--- Stored data ---
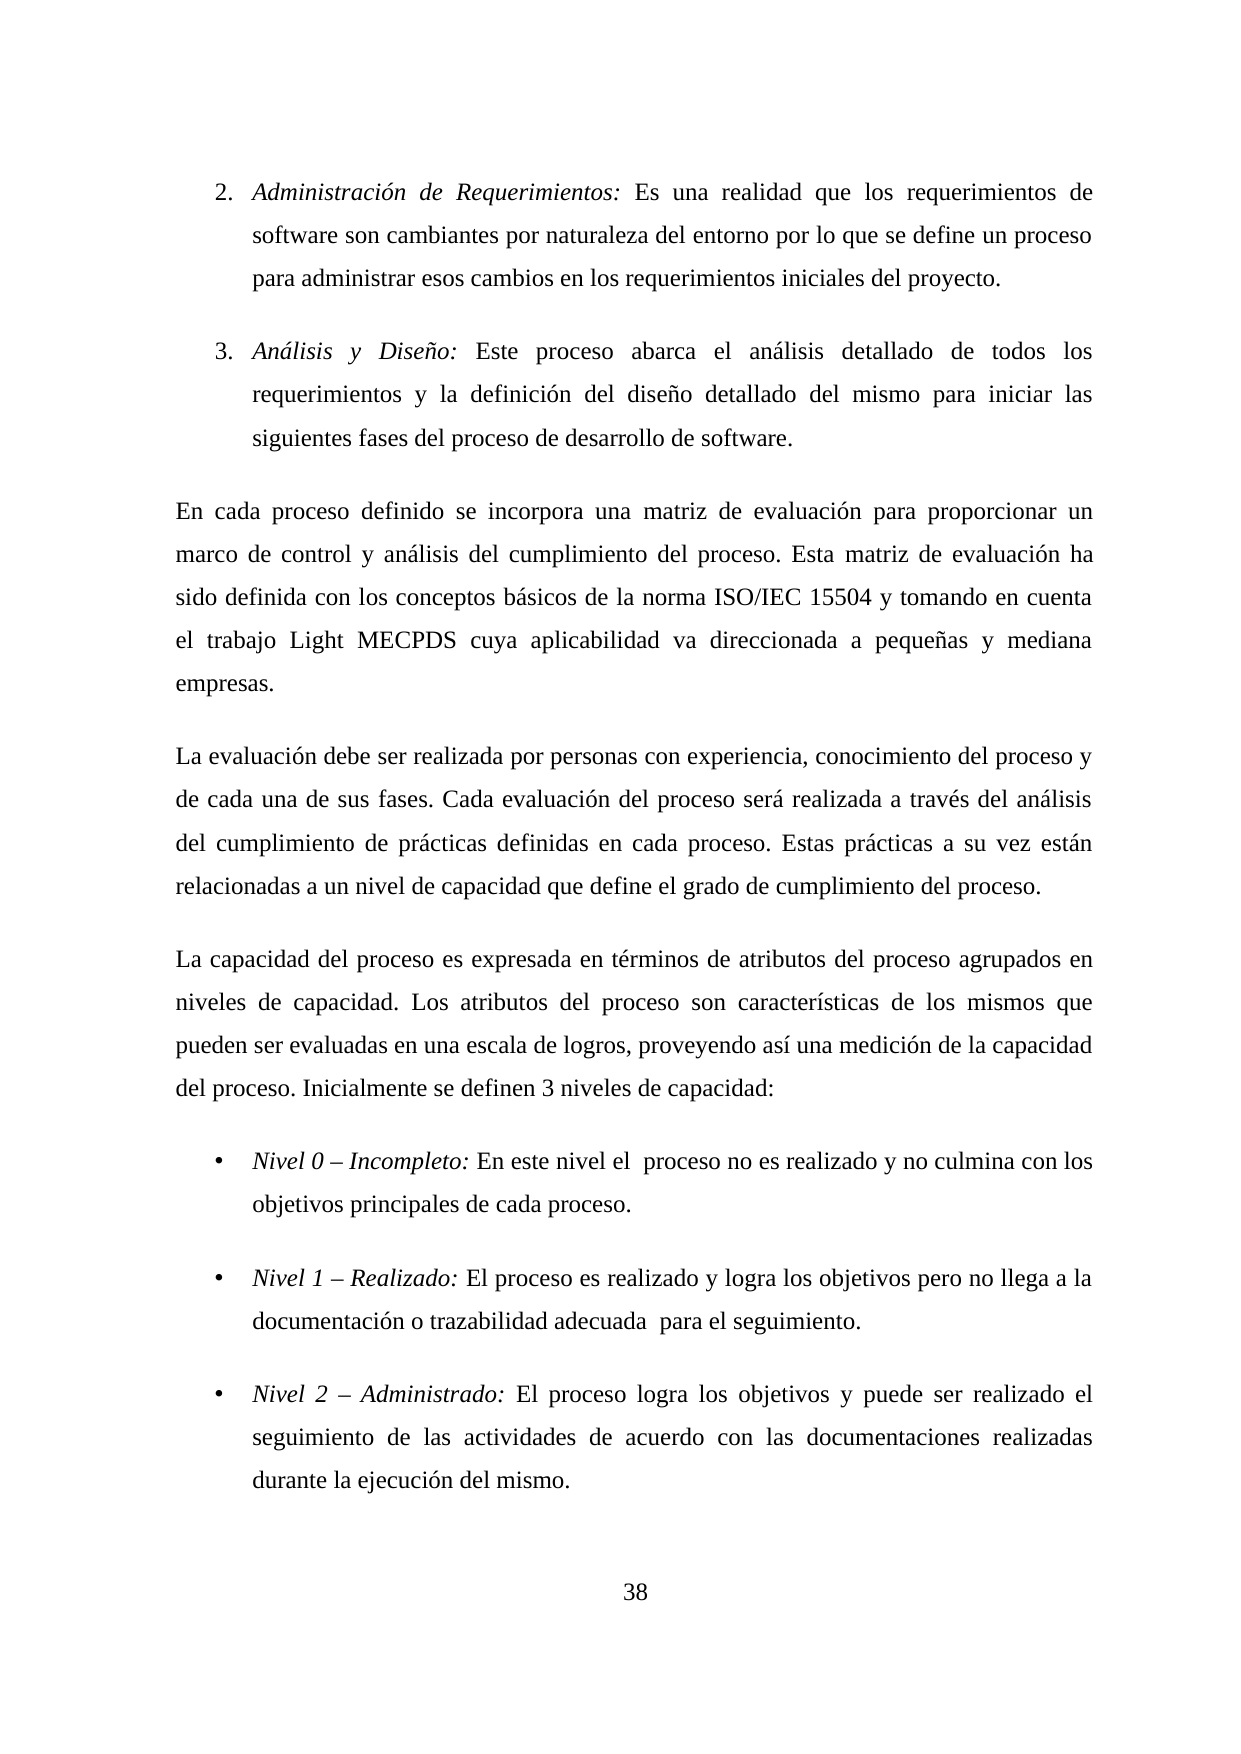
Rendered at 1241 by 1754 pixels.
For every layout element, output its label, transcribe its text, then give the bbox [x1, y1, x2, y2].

list La evaluación debe ser realizada por personas con experiencia, conocimiento del proceso y de cada una de sus fases. Cada evaluación del proceso será realizada a través del análisis del cumplimiento de prácticas definidas en cada proceso. Estas prácticas a su vez están relacionadas a un nivel de capacidad que define el grado de cumplimiento del proceso. [175, 741, 1093, 899]
list En cada proceso definido se incorpora una matriz de evaluación para proporcionar un marco de control y análisis del cumplimiento del proceso. Esta matriz de evaluación ha sido definida con los conceptos básicos de la norma ISO/IEC 15504 y tomando en cuenta el trabajo Light MECPDS cuya aplicabilidad va direccionada a pequeñas y mediana empresas. [175, 496, 1093, 697]
list Nivel 0 – Incompleto: En este nivel el proceso no es realizado y no culmina con los objetivos principales de cada proceso. [214, 1146, 1093, 1218]
list Análisis y Diseño: Este proceso abarca el análisis detallado de todos los requerimientos y la definición del diseño detallado del mismo para iniciar las siguientes fases del proceso de desarrollo de software. [214, 336, 1093, 451]
list Administración de Requerimientos: Es una realidad que los requerimientos de software son cambiantes por naturaleza del entorno por lo que se define un proceso para administrar esos cambios en los requerimientos iniciales del proyecto. [214, 177, 1093, 292]
list Nivel 2 – Administrado: El proceso logra los objetivos y puede ser realizado el seguimiento de las actividades de acuerdo con las documentaciones realizadas durante la ejecución del mismo. [214, 1379, 1093, 1494]
list Nivel 1 – Realizado: El proceso es realizado y logra los objetivos pero no llega a la documentación o trazabilidad adecuada para el seguimiento. [214, 1263, 1093, 1334]
list La capacidad del proceso es expresada en términos de atributos del proceso agrupados en niveles de capacidad. Los atributos del proceso son características de los mismos que pueden ser evaluadas en una escala de logros, proveyendo así una medición de la capacidad del proceso. Inicialmente se definen 3 niveles de capacidad: [175, 944, 1093, 1102]
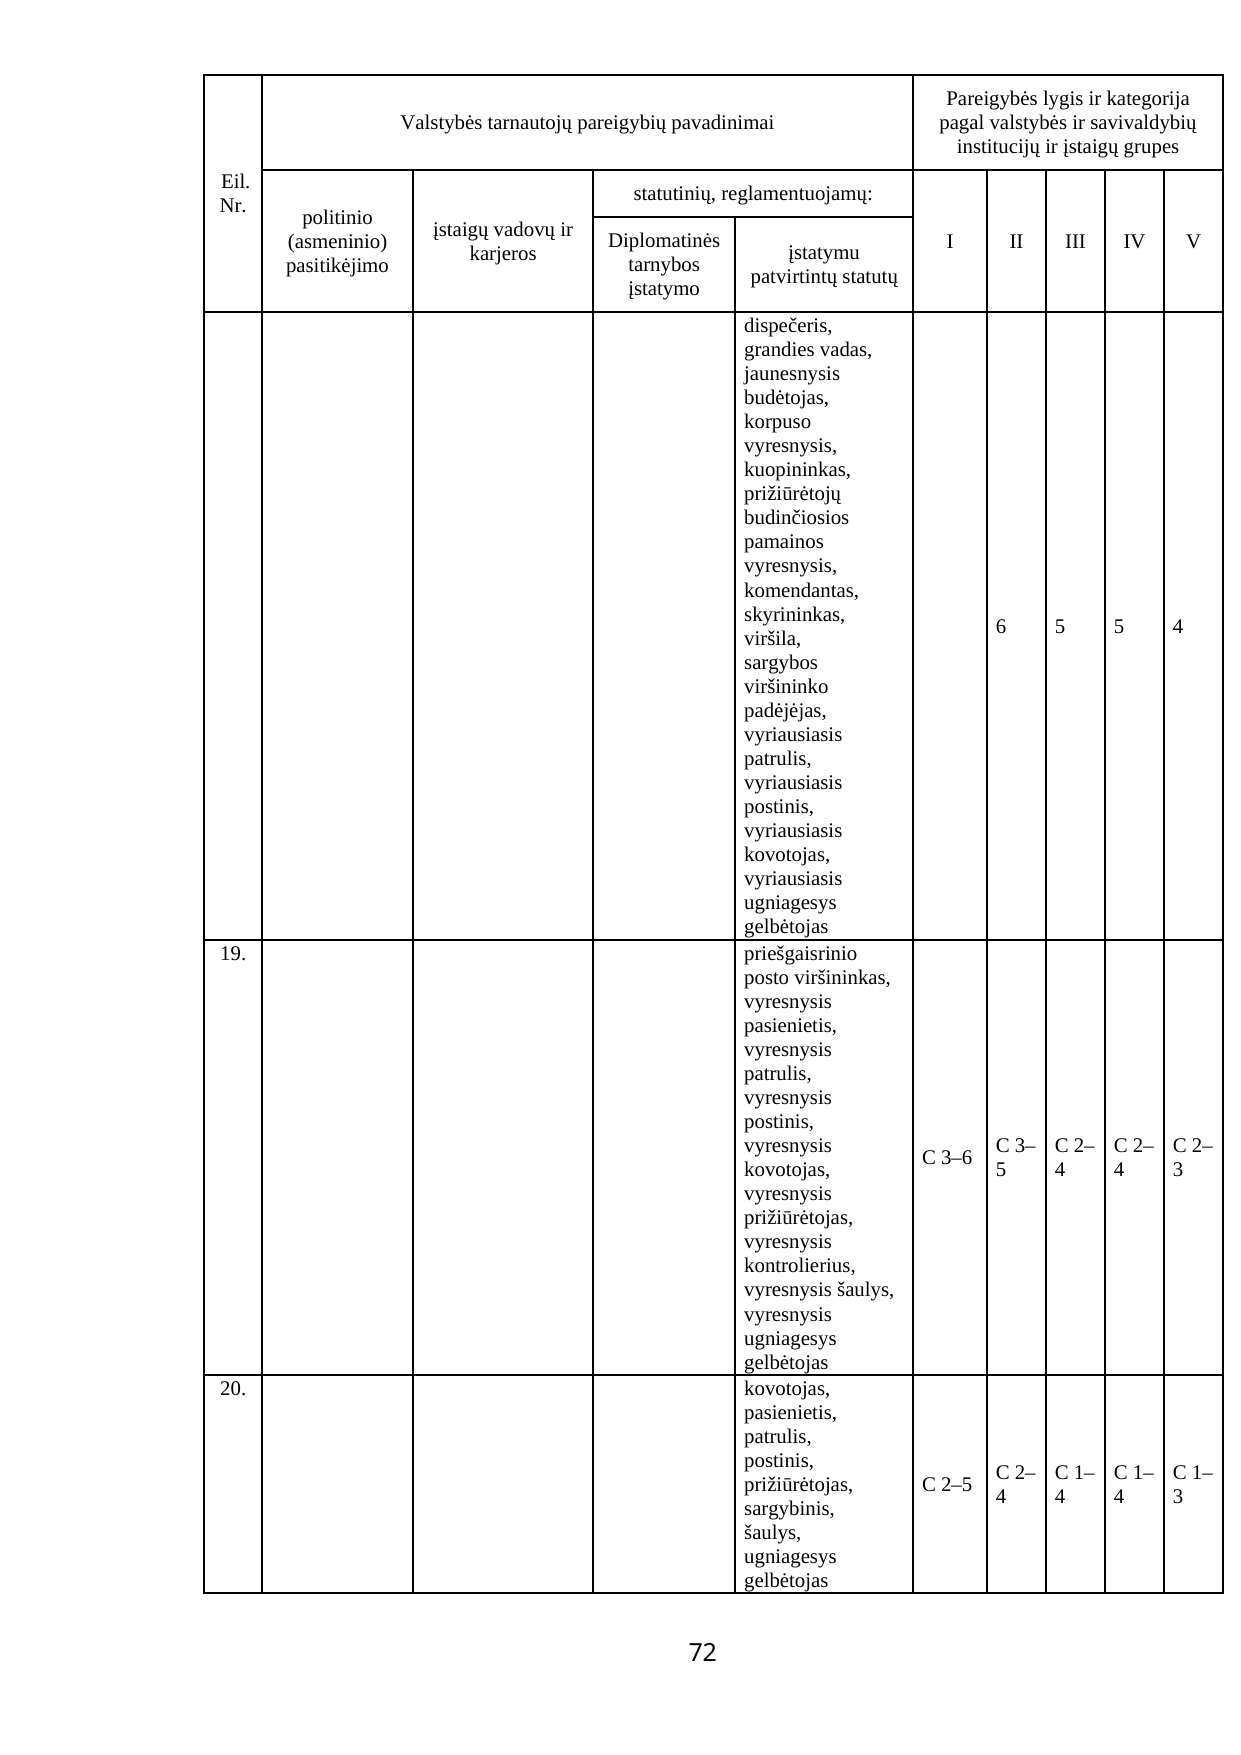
---
Problem description
The range runs from the line with "list Nivel 0" up to and including the line with "list Análisis y" in the listing above; please write out exactly those lines and nothing more.

Finished exercise
list Nivel 0 – Incompleto: En este nivel el proceso no es realizado y no culmina con los objetivos principales de cada proceso. [214, 1146, 1093, 1218]
list Análisis y Diseño: Este proceso abarca el análisis detallado de todos los requerimientos y la definición del diseño detallado del mismo para iniciar las siguientes fases del proceso de desarrollo de software. [214, 336, 1093, 451]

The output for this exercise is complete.